# CP style MP base: Anyone have experience?



## squigglz (Dec 6, 2012)

So, I've been poking around BB for the past couple days to decide on what to buy for my next batches of soap (yes, a couple days-I'm picky and have a hard time making up my mind  ). Earlier today I rechecked my shopping cart and then went looking at the bases again, and I ran across these:

"LCP" MP soap, white 

"LCP" MP soap, clear

Now, I have never done CP soap though I have done MP soap for about a year, and I've not seen this style base before (granted, I may not have been looking too hard). 

Does it behave any differently than your standard MP base? It would APPEAR (though I could be entirely wrong) that the main draw for this is in packaging options for your finished soaps.

Does it need to cure like regular CP soaps do?

And is it like MP bases in that I don't have to bother buying two different colors of base and can just add titanium dioxide to the clear to make it white?

I plan to make my final decision and purchase sometime in the next couple days, and I wanted to know if any of you lovelies had experience with this  I did a cursory check of the forum for a thread related to this, but couldn't find one-my apologies if one exists and this is a repost


----------



## Lindy (Dec 7, 2012)

This is a MP soap base but it is low sweat so you have more options in your packaging and look of the soap.  So it is going to behave like other MP soaps.  What I really like about this product is the ingredient list!  NO propylene glycol!  If I was doing MP and willing to order from Brambleberry (shipping charges to Canada to high for my liking) I would be buying these....

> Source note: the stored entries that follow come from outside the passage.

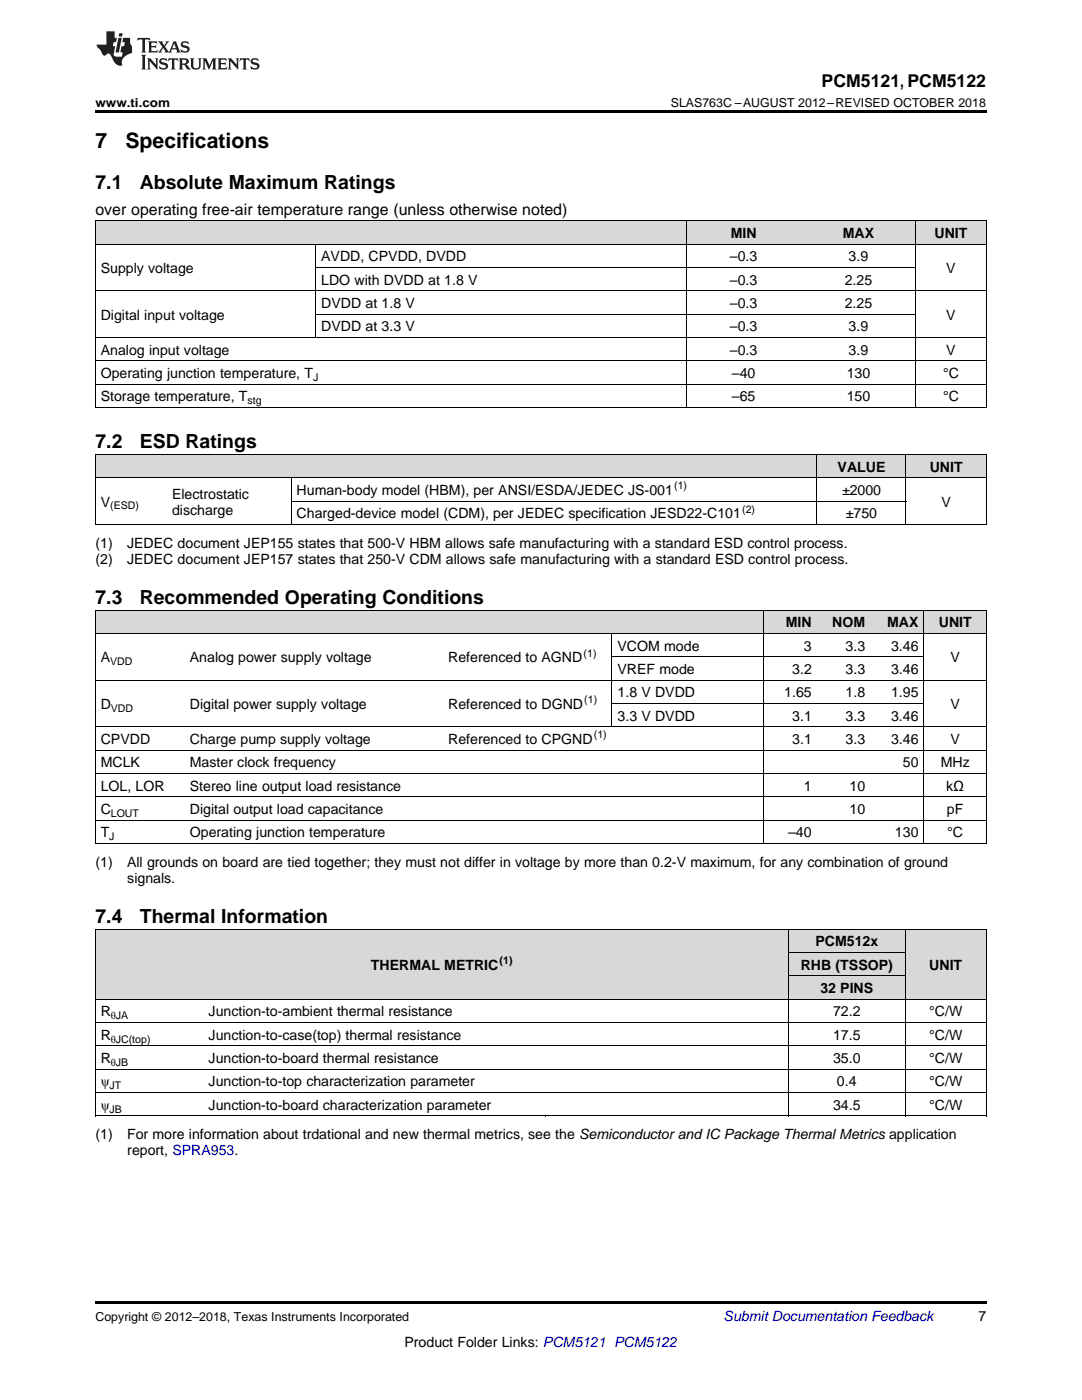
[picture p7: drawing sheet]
<svg xmlns="http://www.w3.org/2000/svg" width="216mm" height="279mm" viewBox="0 0 216 279" stroke-linecap="round" stroke-linejoin="round" font-family="sans-serif">
<defs><g id="words">
<g font-size="4.2">
<text x="19" y="29.6">7</text>
<text x="25" y="29.6">Specifications</text>
</g>
<g font-size="3.9">
<text x="19" y="37.7">7.1</text>
<text x="27.9" y="37.7">Absolute Maximum Ratings</text>
<text x="19" y="89.5">7.2</text>
<text x="27.9" y="89.5">ESD Ratings</text>
<text x="19" y="120.5">7.3</text>
<text x="27.9" y="120.5">Recommended Operating Conditions</text>
<text x="19" y="184.2">7.4</text>
<text x="27.9" y="184.2">Thermal Information</text>
</g>
<text font-size="3.5" x="163.9" y="17.3">PCM5121, PCM5122</text>
<text font-size="3.2" x="19" y="42.9">over operating free-air temperature range (unless otherwise noted)</text>
<g font-size="2.8">
<text x="145.8" y="47.5">MIN</text>
<text x="168.2" y="47.5">MAX</text>
<text x="186.5" y="47.5">UNIT</text>
<text x="64.1" y="52.2">AVDD, CPVDD, DVDD</text>
<text x="145.7" y="52.2">–0.3</text>
<text x="169.3" y="52.2">3.9</text>
<text x="20.1" y="54.5">Supply voltage</text>
<text x="64.1" y="56.8">LDO with DVDD at 1.8 V</text>
<text x="145.7" y="56.8">–0.3</text>
<text x="168.6" y="56.8">2.25</text>
<text x="188.8" y="54.5">V</text>
<text x="20.1" y="63.8">Digital input voltage</text>
<text x="64.1" y="61.5">DVDD at 1.8 V</text>
<text x="145.7" y="61.5">–0.3</text>
<text x="168.6" y="61.5">2.25</text>
<text x="188.8" y="63.8">V</text>
<text x="20.1" y="70.8">Analog input voltage</text>
<text x="64.1" y="66.1">DVDD at 3.3 V</text>
<text x="145.7" y="66.1">–0.3</text>
<text x="145.7" y="70.8">–0.3</text>
<text x="169.3" y="66.1">3.9</text>
<text x="169.3" y="70.8">3.9</text>
<text x="188.8" y="70.8">V</text>
<text x="20.1" y="75.5">Operating junction temperature, T</text>
<text x="146" y="75.5">–40</text>
<text x="168.9" y="75.5">130</text>
<text x="188.2" y="75.5">°C</text>
<text x="20.1" y="80.1">Storage temperature, T</text>
<text x="146" y="80.1">–65</text>
<text x="168.9" y="80.1">150</text>
<text x="188.2" y="80.1">°C</text>
<text x="167.1" y="94.1">VALUE</text>
<text x="185.5" y="94.1">UNIT</text>
<text x="20.1" y="101.1">V</text>
<text x="34.3" y="99.5">Electrostatic</text>
<text x="59.2" y="98.8">Human-body model (HBM), per ANSI/ESDA/JEDEC JS-001</text>
<text x="168" y="98.8">±2000</text>
<text x="187.9" y="101.1">V</text>
<text x="34.3" y="102.7">discharge</text>
<text x="59.2" y="103.4">Charged-device model (CDM), per JEDEC specification JESD22-C101</text>
<text x="168.8" y="103.4">±750</text>
<text x="19" y="109.3">(1)</text>
<text x="19" y="112.5">(2)</text>
<text x="25.4" y="109.3">JEDEC document JEP155 states that 500-V HBM allows safe manufacturing with a standard ESD control process.</text>
<text x="25.4" y="112.5">JEDEC document JEP157 states that 250-V CDM allows safe manufacturing with a standard ESD control process.</text>
<text x="156.8" y="125.2">MIN</text>
<text x="166.1" y="125.2">NOM</text>
<text x="177" y="125.2">MAX</text>
<text x="187.3" y="125.2">UNIT</text>
<text x="123.2" y="129.9">VCOM mode</text>
<text x="160.4" y="129.9">3</text>
<text x="168.7" y="129.9">3.3</text>
<text x="177.8" y="129.9">3.46</text>
<text x="20.1" y="132.2">A</text>
<text x="37.9" y="132.2">Analog power supply voltage</text>
<text x="89.4" y="132.2">Referenced to AGND</text>
<text x="123.2" y="134.5">VREF mode</text>
<text x="158.1" y="134.5">3.2</text>
<text x="168.7" y="134.5">3.3</text>
<text x="177.8" y="134.5">3.46</text>
<text x="189.7" y="132.2">V</text>
<text x="20.1" y="141.5">D</text>
<text x="37.9" y="141.5">Digital power supply voltage</text>
<text x="89.4" y="141.5">Referenced to DGND</text>
<text x="123.2" y="139.2">1.8 V DVDD</text>
<text x="123.2" y="143.8">3.3 V DVDD</text>
<text x="156.5" y="139.2">1.65</text>
<text x="158.1" y="143.8">3.1</text>
<text x="168.7" y="139.2">1.8</text>
<text x="168.7" y="143.8">3.3</text>
<text x="177.8" y="139.2">1.95</text>
<text x="177.8" y="143.8">3.46</text>
<text x="189.7" y="141.5">V</text>
<text x="20.1" y="148.5">CPVDD</text>
<text x="37.9" y="148.5">Charge pump supply voltage</text>
<text x="89.4" y="148.5">Referenced to CPGND</text>
<text x="158.1" y="148.5">3.1</text>
<text x="168.7" y="148.5">3.3</text>
<text x="177.8" y="148.5">3.46</text>
<text x="189.7" y="148.5">V</text>
<text x="20.1" y="153.1">MCLK</text>
<text x="37.9" y="153.1">Master clock frequency</text>
<text x="180.2" y="153.1">50</text>
<text x="187.7" y="153.1">MHz</text>
<text x="20.1" y="157.8">LOL, LOR</text>
<text x="37.9" y="157.8">Stereo line output load resistance</text>
<text x="160.4" y="157.8">1</text>
<text x="169.5" y="157.8">10</text>
<text x="188.8" y="157.8">kΩ</text>
<text x="20.1" y="162.5">C</text>
<text x="20.1" y="167.1">T</text>
<text x="37.9" y="162.5">Digital output load capacitance</text>
<text x="37.9" y="167.1">Operating junction temperature</text>
<text x="157.3" y="167.1">–40</text>
<text x="169.5" y="162.5">10</text>
<text x="178.6" y="167.1">130</text>
<text x="188.9" y="162.5">pF</text>
<text x="189" y="167.1">°C</text>
<text x="19" y="173">(1)</text>
<text x="25.4" y="173">All grounds on board are tied together; they must not differ in voltage by more than 0.2-V maximum, for any combination of ground</text>
<text x="25.4" y="176.1">signals.</text>
<text x="162.7" y="188.9">PCM512x</text>
<text x="74" y="193.5">THERMAL METRIC</text>
<text x="159.8" y="193.5">RHB (TSSOP)</text>
<text x="185.4" y="193.5">UNIT</text>
<text x="20.1" y="202.8">R</text>
<text x="41.6" y="202.8">Junction-to-ambient thermal resistance</text>
<text x="163.7" y="198.2">32 PINS</text>
<text x="166.2" y="202.8">72.2</text>
<text x="185.4" y="202.8">°C/W</text>
<text x="20.1" y="207.5">R</text>
<text x="41.6" y="207.5">Junction-to-case(top) thermal resistance</text>
<text x="166.2" y="207.5">17.5</text>
<text x="185.4" y="207.5">°C/W</text>
<text x="20.1" y="212.2">R</text>
<text x="41.6" y="212.2">Junction-to-board thermal resistance</text>
<text x="166.2" y="212.2">35.0</text>
<text x="185.4" y="212.2">°C/W</text>
<text x="20.1" y="216.8">ψ</text>
<text x="20.1" y="221.5">ψ</text>
<text x="41.6" y="216.8">Junction-to-top characterization parameter</text>
<text x="41.6" y="221.5">Junction-to-board characterization parameter</text>
<text x="166.2" y="221.5">34.5</text>
<text x="167" y="216.8">0.4</text>
<text x="185.4" y="216.8">°C/W</text>
<text x="185.4" y="221.5">°C/W</text>
<text x="19" y="227.3">(1)</text>
<text x="25.4" y="227.3">For more information about trdational and new thermal metrics, see the Semiconductor and IC Package Thermal Metrics application</text>
<text x="25.4" y="230.5">report, SPRA953.</text>
<text x="195.3" y="263.6">7</text>
<text x="80.7" y="268.9">Product Folder Links: PCM5121 PCM5122</text>
</g>
<text font-size="2.8" fill="#0000c8" x="144.4" y="263.6">Submit Documentation Feedback</text>
<g font-size="2.5">
<text x="19" y="21.4">www.ti.com</text>
<text x="133.8" y="21.4">SLAS763C –AUGUST 2012–REVISED OCTOBER 2018</text>
<text x="19" y="263.6">Copyright © 2012–2018, Texas Instruments Incorporated</text>
</g>
<g font-size="2.1">
<text x="62.5" y="76">J</text>
<text x="49.4" y="80.7">stg</text>
<text x="22" y="101.7">(ESD)</text>
<text x="134.5" y="97.6">(1)</text>
<text x="148.1" y="102.3">(2)</text>
<text x="116.5" y="131.1">(1)</text>
<text x="22" y="132.8">VDD</text>
<text x="22.1" y="142.1">VDD</text>
<text x="116.6" y="140.4">(1)</text>
<text x="118.5" y="147.4">(1)</text>
<text x="21.8" y="167.7">J</text>
<text x="22.1" y="163">LOUT</text>
<text x="99.7" y="192.4">(1)</text>
<text x="22.1" y="203.4">θJA</text>
<text x="22.1" y="208.1">θJC(top)</text>
<text x="22.1" y="212.7">θJB</text>
<text x="21.9" y="217.4">JT</text>
<text x="21.9" y="222">JB</text>
</g>
</g></defs>
<g fill="#d8d8d8">
<path d="M19 185.5h21.6v14h-21.6z"/>
<path d="M40.6 185.5h68.2v14h-68.2z"/>
<path d="M108.8 185.5h48.5v14h-48.5z"/>
<path d="M180.7 185.5h16.1v14h-16.1z"/>
<path d="M157.3 194.8h23.4v4.7h-23.4z"/>
<path d="M157.3 190.1h23.4v4.7h-23.4z"/>
<path d="M157.3 185.5h23.4v4.6h-23.4z"/>
<path d="M19 121.8h17.8v4.7h-17.8z"/>
<path d="M36.8 121.8h51.6v4.7h-51.6z"/>
<path d="M88.4 121.8h33.8v4.7h-33.8z"/>
<path d="M122.2 121.8h30.2v4.7h-30.2z"/>
<path d="M152.4 121.8h10.7v4.7h-10.7z"/>
<path d="M163.1 121.8h10.6v4.7h-10.6z"/>
<path d="M173.7 121.8h10.7v4.7h-10.7z"/>
<path d="M184.4 121.8h12.4v4.7h-12.4z"/>
<path d="M19 90.7h14.3v4.7h-14.3z"/>
<path d="M33.3 90.7h24.8v4.7h-24.8z"/>
<path d="M58.1 90.7h105v4.7h-105z"/>
<path d="M163.1 90.7h17.7v4.7h-17.7z"/>
<path d="M180.8 90.7h16v4.7h-16z"/>
<path d="M19 44.1h44v4.7h-44z"/>
<path d="M63 44.1h74v4.7h-74z"/>
<path d="M137 44.1h22.9v4.7h-22.9z"/>
<path d="M159.9 44.1h22.8v4.7h-22.8z"/>
<path d="M182.7 44.1h14.1v4.7h-14.1z"/>
</g>
<g fill="#000">
<path d="M19 22h177.8v.5h-177.8zM19 104.7h.2zM58 104.7h.1zM162.9 104.7h.2zM180.7 104.7h.1zM196.7 104.7h.1zM19 168.3l.2 .1zM122.1 168.3l.1 .1zM152.3 168.3l.1 .1zM184.3 168.3l.1 .1zM196.7 168.3l.1 .1zM19 222.7h.2z"/>
<path d="M108.7 222.7h.1zM157.2 222.7h.1zM180.6 222.7h.1zM196.7 222.7h.1zM19 259.7h177.8v.5h-177.8z"/>
</g>
<g fill="none" stroke="#000" stroke-width=".2">
<path d="M19 58h177.8M19 48.7h177.8M19 44.1h177.8M19.1 44.1v37.3M63 48.8v18.6M63 53.4h119.7M136.9 44.1v37.3M182.7 44.1v37.3M196.8 44.1v37.3M19 76.7h177.8M19 72h177.8M19 67.4h177.8"/>
<path d="M63 62.7h119.7M19 90.7h177.8v14M19 95.3h177.8M19 81.3h177.8M19.1 90.7v14M58.1 95.4v9.3M58.1 100h122.7M163 90.7v14M180.8 90.7v14M19 104.7h177.8M19 121.8h177.8v46.6M19 135.7h177.8"/>
<path d="M19 126.4h177.8M19.1 121.8v46.6M122.1 126.4v18.7M122.2 131.1h62.2M152.3 121.8v46.6M184.3 121.8v46.6M19 159h177.8M19 154.4h177.8M19 149.7h177.8M19 145h177.8M122.2 140.4h62.2M19 168.3h177.8"/>
<path d="M19 163.7h177.8M19 199.4h177.8M19 185.4h177.8M19.1 185.5v37.2M157.3 185.5v37.2M157.3 194.8h23.3M157.3 190.1h23.3M180.6 185.5v37.2M196.8 185.5v37.2M19 218h177.8M19 213.4h177.8M19 208.7h177.8"/>
<path d="M19 204.1h177.8M19 222.7h177.8"/>
</g>
<g fill="#231f20">
<path d="M27.5 7.6l-.1 .5 .4-.2h.6v.1v2.1l-.2 .4h1l-.3-.4v-2.1l.1-.1h.5l.5 .2-.2-.5zM29.5 8.3l.2 .3v1.5l-.2 .4h1.8l.2-.6a1.04 1.04 0 0 1-1.3 .2v-.7h.6l.3 .2v-.6l-.3 .2h-.6v-.6l.8-.1 .4 .3-.2-.5zM31.5 8.3l.9 1.1-.9 1.1h.8l-.2-.2 .5-.7 .4 .7-.2 .2h1.5l-.1-.2 .1-.4h.9l.1 .4-.2 .2h1l-.3-.3-.7-1.9h-.5l-.9 2-.8-1 .9-1h-.8l.1 .3-.3 .5-.4-.6 .2-.2zM34.7 8.6l.4 1h-.7zM36.3 8.4a.63 .63 0 0 0-.2 .7 .63 .63 0 0 0 .6 .4l.6 .2 .1 .2a.75 .75 0 0 1-.7 .4 .75 .75 0 0 1-.6-.5l.1 .7 .1-.1a1.11 1.11 0 0 0 1.5-.6 1.13 1.13 0 0 0-1.2-.8l-.1-.4a1.04 1.04 0 0 1 1.2 .2l-.2-.5-.1 .1-.5-.2zM28.2 10.9l.2 .4v2.2l-.2 .4h1l-.3-.4v-2.2l.3-.4zM29.3 11.6l.3 .4v1.5l-.3 .4h.8l-.2-.4v-1.3l1.5 1.7v-1.9l.2-.4h-.7l.2 .4v.9l-1.1-1.3zM32 11.8a.62 .62 0 0 0-.2 .7 .62 .62 0 0 0 .6 .4l.6 .1 .1 .3a.76 .76 0 0 1-.7 .3 .76 .76 0 0 1-.6-.4l.1 .7 .1-.1a1.11 1.11 0 0 0 1.5-.6 1.13 1.13 0 0 0-1.2-.8l-.1-.4a1.04 1.04 0 0 1 1.2 .2l-.2-.6-.1 .1-.5-.1zM33.7 11.6l-.2 .6a.61 .61 0 0 1 .8-.3v1.6l-.2 .4h.9l-.2-.4v-1.6a.63 .63 0 0 1 .8 .3l-.2-.6zM35.6 11.6l.3 .4v1.5l-.3 .4h1l-.2-.2v-.8l.5 .2a.76 .76 0 0 0 1.2 .7l-1-1a.58 .58 0 0 0 .6-.5 .58 .58 0 0 0-.5-.6zM36.4 11.9h.1a.45 .45 0 0 1 .5 .1 .45 .45 0 0 1 .1 .5l-.7 .2zM37.9 11.6l.2 .2a2.17 2.17 0 0 0 .3 1.9 .99 .99 0 0 0 1.6-.6v-1.1l.2-.4h-.7l.2 .2a1.92 1.92 0 0 1-.2 1.8 .6 .6 0 0 1-.9-.5v-1.1l.2-.4zM40.4 11.6l.2 .4v1.5l-.2 .4h.7l-.2-.4v-1.4l.8 1.8 .8-1.8v1.4l-.2 .4h.9l-.2-.4v-1.5l.2-.4h-.8l-.6 1.5-.6-1.5zM43.4 11.6l.2 .4v1.5l-.2 .4h1.8l.2-.6a1.04 1.04 0 0 1-1.3 .1v-.6h.5l.4 .2v-.6l-.4 .2h-.5v-.7h.8l.3 .3-.1-.6zM45.5 11.6l.2 .4v1.5l-.2 .4h.7l-.2-.4v-1.3l1.5 1.7v-1.9l.2-.4h-.7l.2 .4v.9l-1.1-1.3zM47.9 11.6l-.1 .6a.61 .61 0 0 1 .8-.3v1.6l-.3 .4h1l-.3-.4 .1-1.6a.63 .63 0 0 1 .7 .3l-.1-.6zM50.2 11.8a.62 .62 0 0 0-.2 .7 .62 .62 0 0 0 .6 .4l.6 .1 .2 .3a.76 .76 0 0 1-.8 .3 .76 .76 0 0 1-.6-.4l.1 .7 .2-.1a1.11 1.11 0 0 0 1.5-.6 1.13 1.13 0 0 0-1.3-.8l-.1-.4a1.04 1.04 0 0 1 1.2 .2l-.1-.6-.2 .1-.5-.1z"/>
<path d="M21.2 6.3v2.6h-1.9l.1 .4 .7 .9a.91 .91 0 0 0 1 .8 .56 .56 0 0 1 .5-.3 .56 .56 0 0 1 .5 .3l.4 .8a1.53 1.53 0 0 0 1.9 1.2 1.54 1.54 0 0 1 1-2.1l.9-.3v-1.4a1.52 1.52 0 0 1-.3-1.6h-1.4l-.2 .8h.5l-.2 .8h-.4l-.2 1v.2l.4 .1-.2 .8a1.93 1.93 0 0 1-1.6-.3l.3-1.8h-.5l.2-.8h.4l.2-.8h-.4v-1.3zM23.6 7.6l-.6 2.9h.7l.6-2.9zM23.8 6.6l-.1 .7h.6l.2-.7z"/>
</g>
<use href="#words"/>
</svg>

Of course that is only my opinion


----------



## squigglz (Dec 7, 2012)

Lindy said:
			
		

> This is a MP soap base but it is low sweat so you have more options in your packaging and look of the soap.  So it is going to behave like other MP soaps.  What I really like about this product is the ingredient list!  NO propylene glycol!  If I was doing MP and willing to order from Brambleberry (shipping charges to Canada to high for my liking) I would be buying these....
> 
> Of course that is only my opinion



So, does this mean (and please pardon my ignorance) that I could theoretically package soaps made with that base the way she does, for instance, instead of having to shrink wrap? Just to be clear.

I also like the no propylene glycol-I have to say, that's swaying me to deciding to buy a loaf and try it!


----------



## Genny (Dec 7, 2012)

I've used it and had no problem wrapping it in paper cigar bands during the summer.  But I live in Wisconsin and even our summers aren't too humid, so if you live in a very humid area or are selling and will be shipping to areas that are very, very humid then I'd shrink wrap.


----------



## heatherg23 (Dec 8, 2012)

squigglz said:
			
		

> and I ran across these:
> 
> "LCP" MP soap, white
> 
> "LCP" MP soap, clear



That product is exactly what I was looking for. I thought I had seen everything on Bramble Berry.    
Heather


----------



## Lindy (Dec 8, 2012)

I totally agree with Genny...


----------



## squigglz (Dec 9, 2012)

Genny said:
			
		

> I've used it and had no problem wrapping it in paper cigar bands during the summer.  But I live in Wisconsin and even our summers aren't too humid, so if you live in a very humid area or are selling and will be shipping to areas that are very, very humid then I'd shrink wrap.



Nah, I live in Pennsylvania. It doesn't get too bad in terms of humidity here, but I might shrink wrap at the height of summer anyway just to be safe.

I ended up ordering a loaf-I'll see how it behaves! I'm very excited to get my order-I want to start RIGHT NOW but I can't justify the cost of a 2lb block from Micheal's just to have something to do =/


----------



## Lindy (Dec 9, 2012)

I actually shrink wrap my CP soaps because I like them to be tidy.  I am using perforated Polyolefin wrap from National Wrap as it lets my soap breathe and the scent come through.


----------



## melstan775 (Jan 10, 2013)

squigglz said:


> So, does this mean (and please pardon my ignorance) that I could theoretically package soaps made with that base the way she does, for instance, instead of having to shrink wrap? Just to be clear.
> 
> I also like the no propylene glycol-I have to say, that's swaying me to deciding to buy a loaf and try it!



I just want to say I like the way she packaged this round soap: 
http://www.etsy.com/listing/75442443/blackbird-gentlemans-shaving-soap


----------



## lsg (Jan 11, 2013)

squigglz said:


> Nah, I live in Pennsylvania. It doesn't get too bad in terms of humidity here, but I might shrink wrap at the height of summer anyway just to be safe.
> 
> I ended up ordering a loaf-I'll see how it behaves! I'm very excited to get my order-I want to start RIGHT NOW but I can't justify the cost of a 2lb block from Micheal's just to have something to do =/


 Have you seen the SoapQueen TV episode where she uses plactic wrap and a heat gun for packageing M&P?  It would sure save on shrink wrap.


----------



## squigglz (Jan 11, 2013)

lsg said:


> Have you seen the SoapQueen TV episode where she uses plactic wrap and a heat gun for packageing M&P?  It would sure save on shrink wrap.



That's actually exactly how I do my MP soap wraps  I just don't shrink wrap my hot process/soap made from LCP since it seems to be doing fine without


----------